Inherited personality factors have also been investigated as potentially increasing a patient’s sensitivity to pain. Life stressors and the inability to adequately cope with them can exacerbate pain for many patients. They subconsciously start catastrophizing by focusing and magnifying painful sensations. Catastrophizing is a cognitive process characterized by a lack of confidence and control and an expectation of negative outcomes. Pain catastrophizing is a negative cascade of cognitive and emotional responses to actual or anticipated pain—magnification, rumination, and feelings of hopelessness.
A recent meta-analysis concluded that higher pain catastrophizing often is associated with higher self-reported pain and disability and may lead to delayed recovery in patients with low back pain. A separate meta-analysis
determined that decreased catastro-phizing during treatment for low back pain was associated with better outcomes.

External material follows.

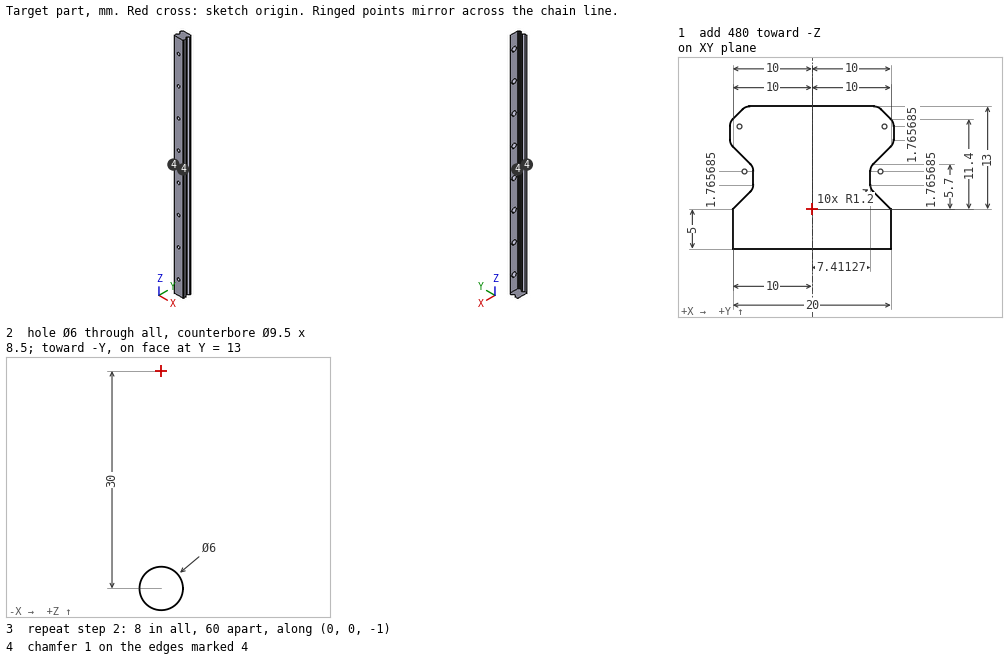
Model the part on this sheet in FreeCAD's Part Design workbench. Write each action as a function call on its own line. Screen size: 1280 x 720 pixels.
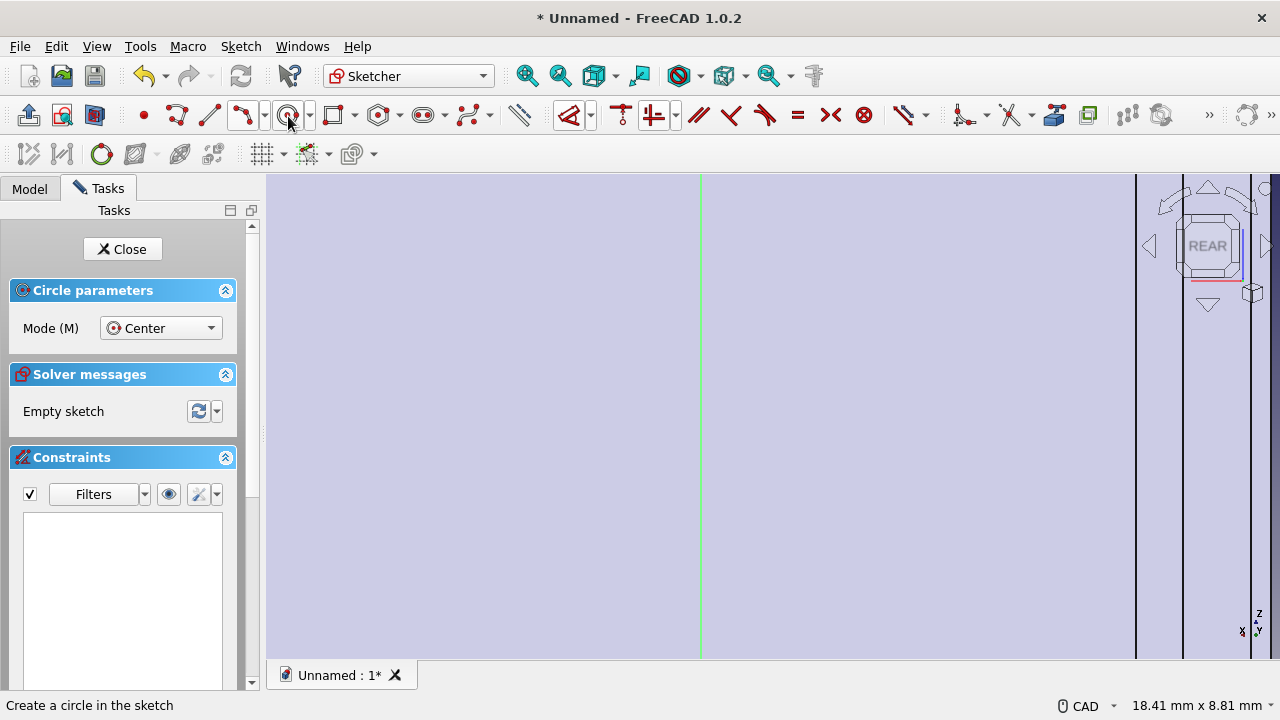
click(701, 413)
move(817, 296)

Now researchers are beginning to look at potential genetic roots for pain catastrophizing. Kuhnen et al have associated the presence of the short allele in the promoter region of the serotonin transporter gene (5-HTTLPR) with certain behaviors.25Patients with this short allele had an increased likelihood of having high levels of anxiety, vulnerability, and negative emotions. These patients had an increased chance of pain catastrophizing.

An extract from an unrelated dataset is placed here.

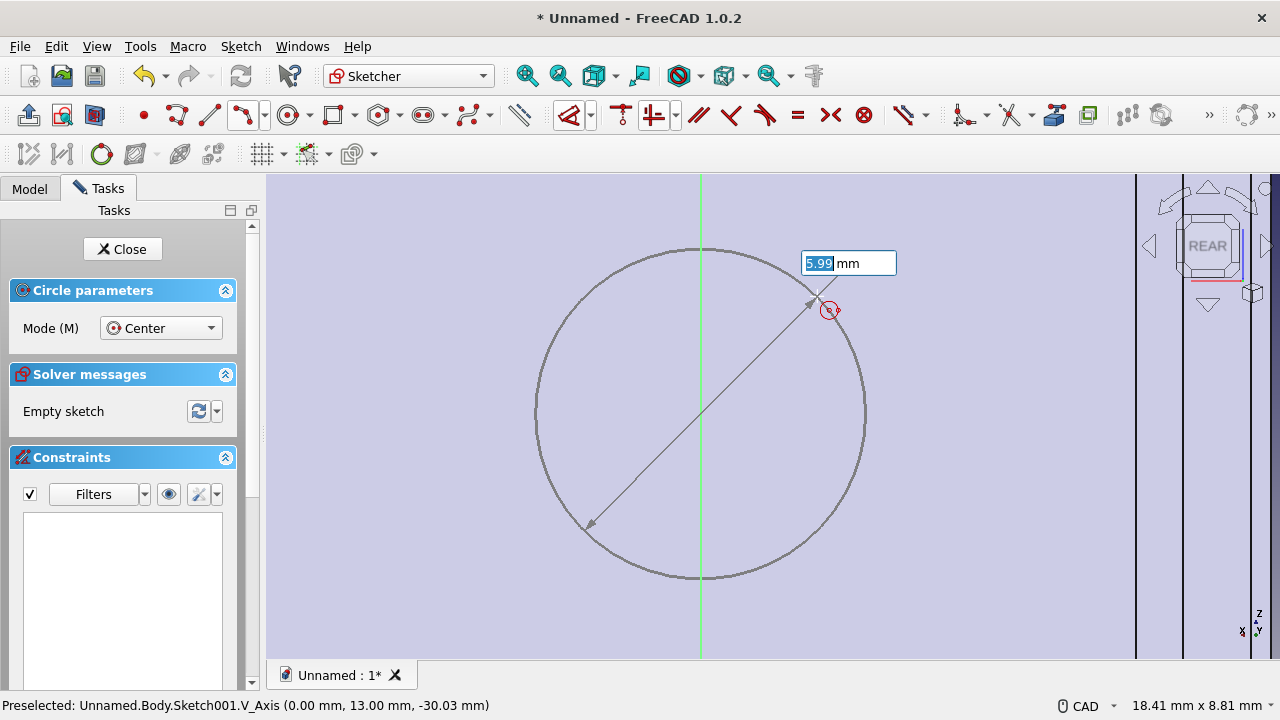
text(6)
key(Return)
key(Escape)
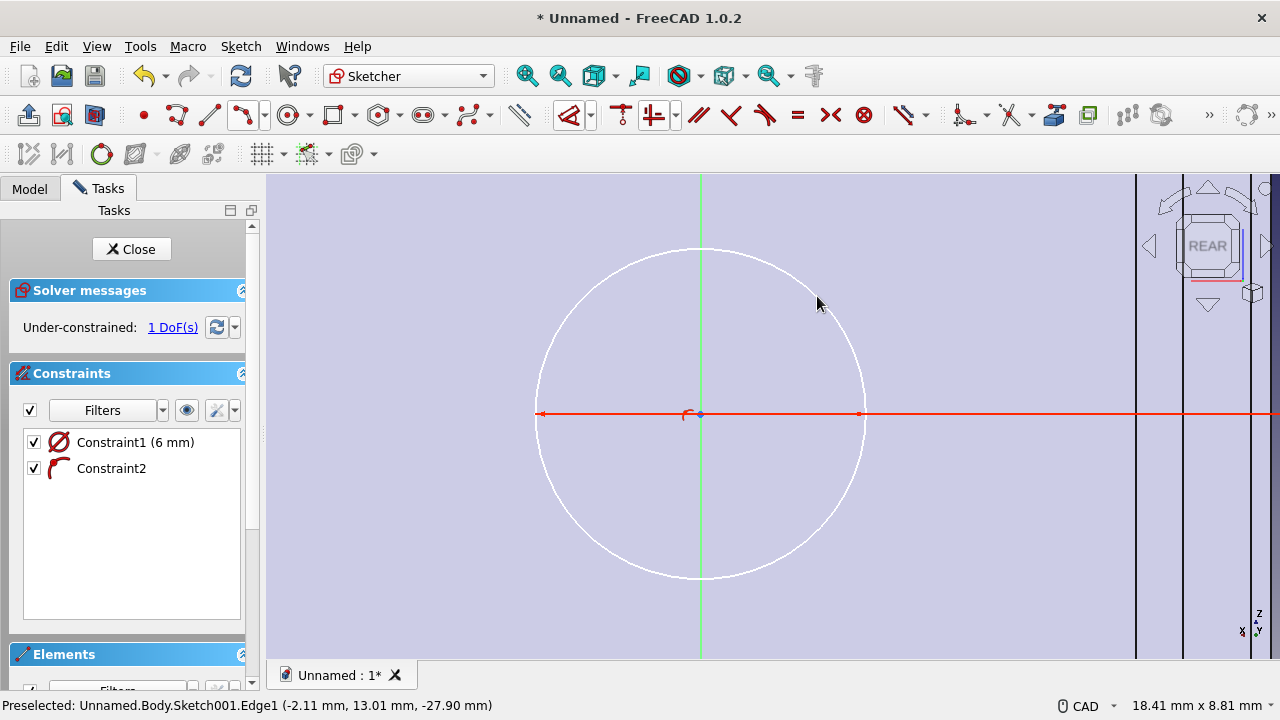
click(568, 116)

Depression, anxiety, poor sleep, and pain catastrophizing are all traits that worsen pain perception and clinical outcomes. Screening for these traits will help identify patients who may be at higher risk for developing chronic pain and poorer quality of life outcomes.
Genetic testing is also used to diagnose painful conditions. A study by Geha et al was able to personalize treatment for the chronic pain condition erythromelalgia.26 The etiology of erythromelalgia is in the genetic mutations affecting the dorsal root ganglion (DRG) that cause one’s pain sensing to go into overdrive, causing extreme burning pain with minimal stimulation. By analyzing 2 patients’ genomic mutations, they predicted the efficacy of carbamazepine on firing of DRG neurons carrying mutant sodium channels (NaV 1.7). Carbamazepine would be effective only in patients with a specific S241T NaV 1.7 mutation, hypothesized the researchers. A double-blind, placebo-controlled study was performed consisting of 2 patients with the same mutation. Both of these patients responded favorably with a significant decrease in mean time in pain with carbamazepine therapy.

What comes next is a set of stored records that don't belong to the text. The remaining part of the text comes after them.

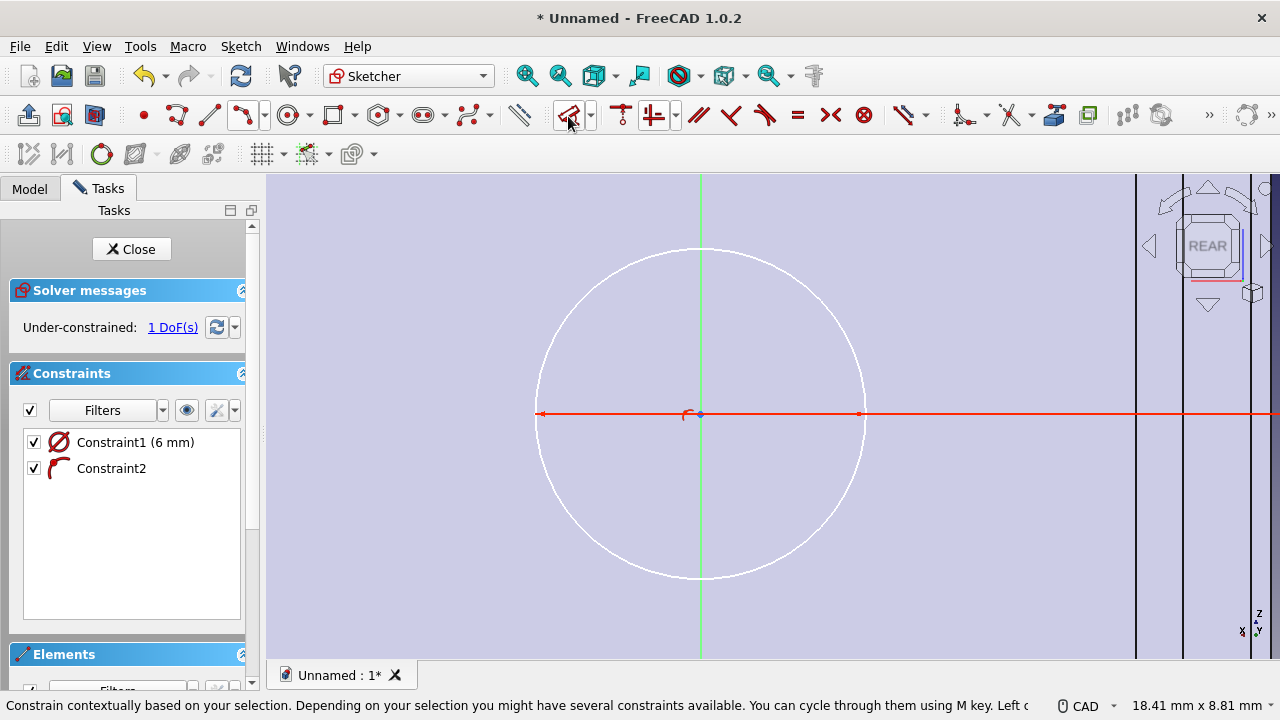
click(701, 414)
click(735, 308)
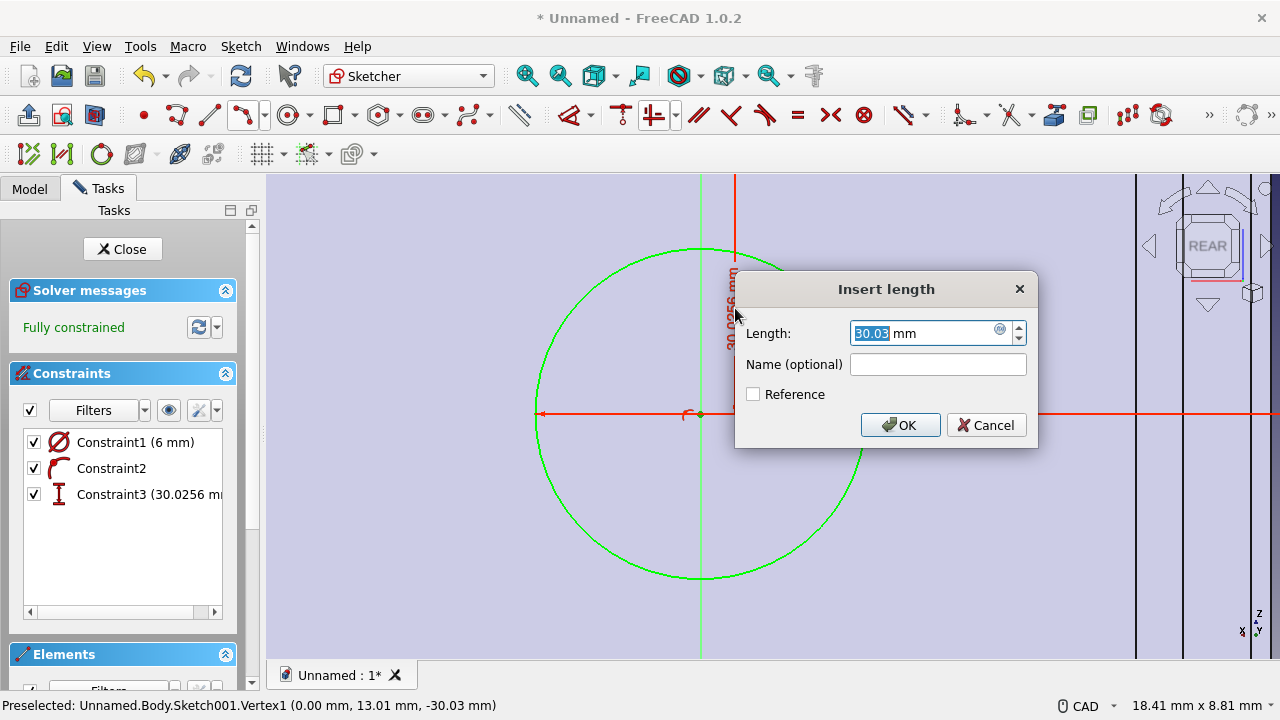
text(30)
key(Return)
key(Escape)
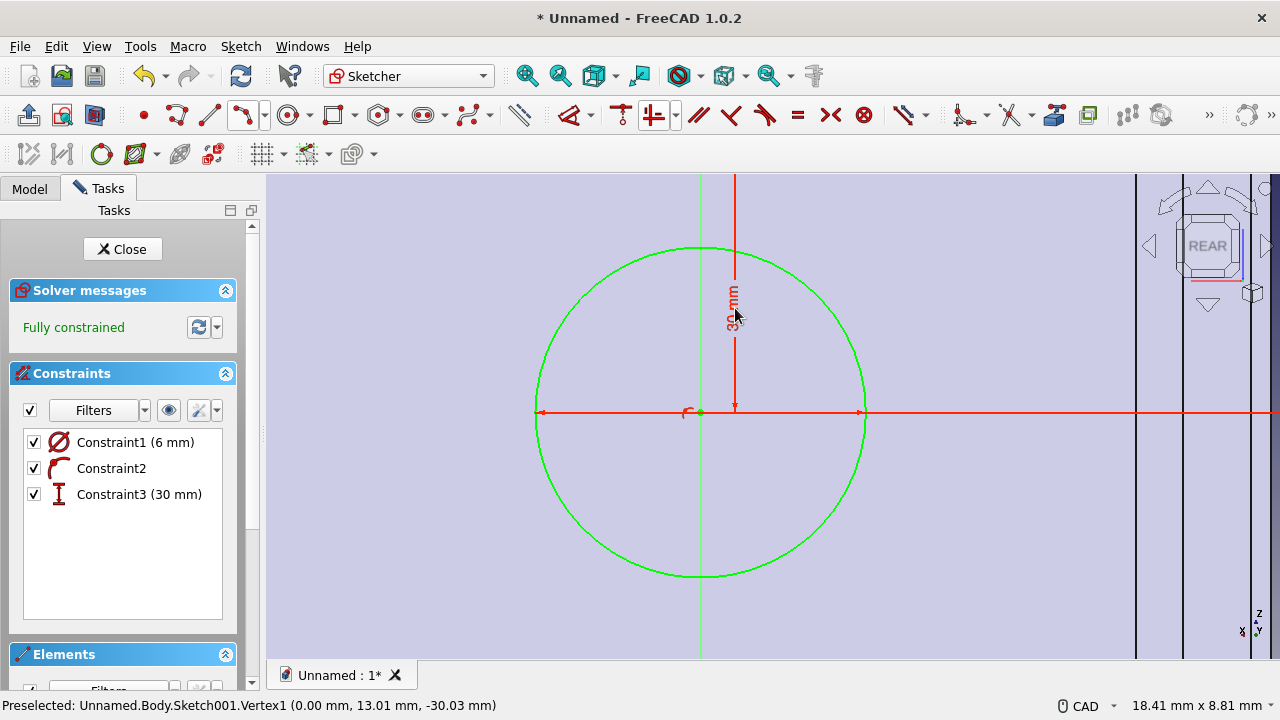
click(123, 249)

This study was limited to just 2 patients; however, as the genetic database grows, we will see a rapid growth in the number of patients in which genetic testing can facilitate both diagnosis and tailored treatment.
The benefits gained from personalizing pain management are just beginning to be realized. With genetic testing, patients can be placed on more effective treatments in a shorter amount of time. The trial and error process that so often is the start of treatment can be expedited, and efficacious drugs can be ordered immediately. Early and effective treatment of pain can lead to less time off work, improved quality of life, and potentially decreased chance of developing chronic painful conditions. However, genetic testing for pain is still in its infancy, and physicians must be cautious when interpreting the results. Inaccuracies will exist, and it will be possible to make assumptions and judgments of a patient’s risk of opioid addiction and pain sensitivity that would not be warranted and would raise ethical issues. Yet, in a field where cures can be sparse and therapies can be hit or miss, genetics in pain medicine could have a profound impact in the way we practice medicine.